▶ _Collected data_
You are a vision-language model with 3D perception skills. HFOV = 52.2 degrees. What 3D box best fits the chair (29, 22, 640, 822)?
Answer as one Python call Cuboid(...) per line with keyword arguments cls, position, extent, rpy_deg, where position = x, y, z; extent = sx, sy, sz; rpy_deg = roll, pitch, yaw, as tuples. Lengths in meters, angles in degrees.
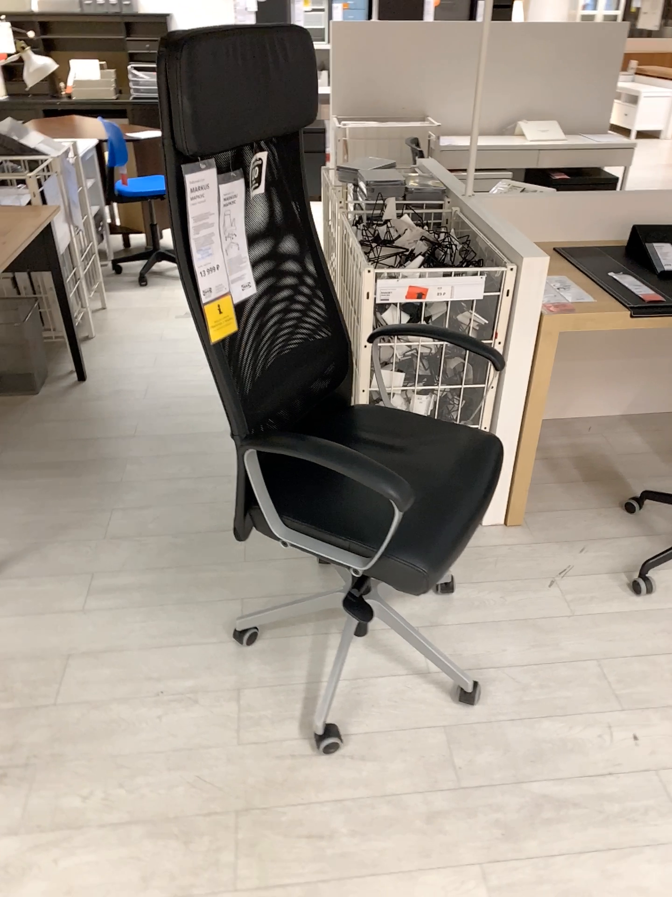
Cuboid(cls="chair", position=(0.065, -0.090, 1.372), extent=(0.679, 1.293, 0.725), rpy_deg=(14, 34, 21))

▶ _Required action_
Give every line above again exactly, with no pictures.

▶ _Result for this task_
You are a vision-language model with 3D perception skills. HFOV = 52.2 degrees. What 3D box best fits the chair (29, 22, 640, 822)?
Answer as one Python call Cuboid(...) per line with keyword arguments cls, position, extent, rpy_deg, where position = x, y, z; extent = sx, sy, sz; rpy_deg = roll, pitch, yaw, as tuples. Lengths in meters, angles in degrees.
Cuboid(cls="chair", position=(0.065, -0.090, 1.372), extent=(0.679, 1.293, 0.725), rpy_deg=(14, 34, 21))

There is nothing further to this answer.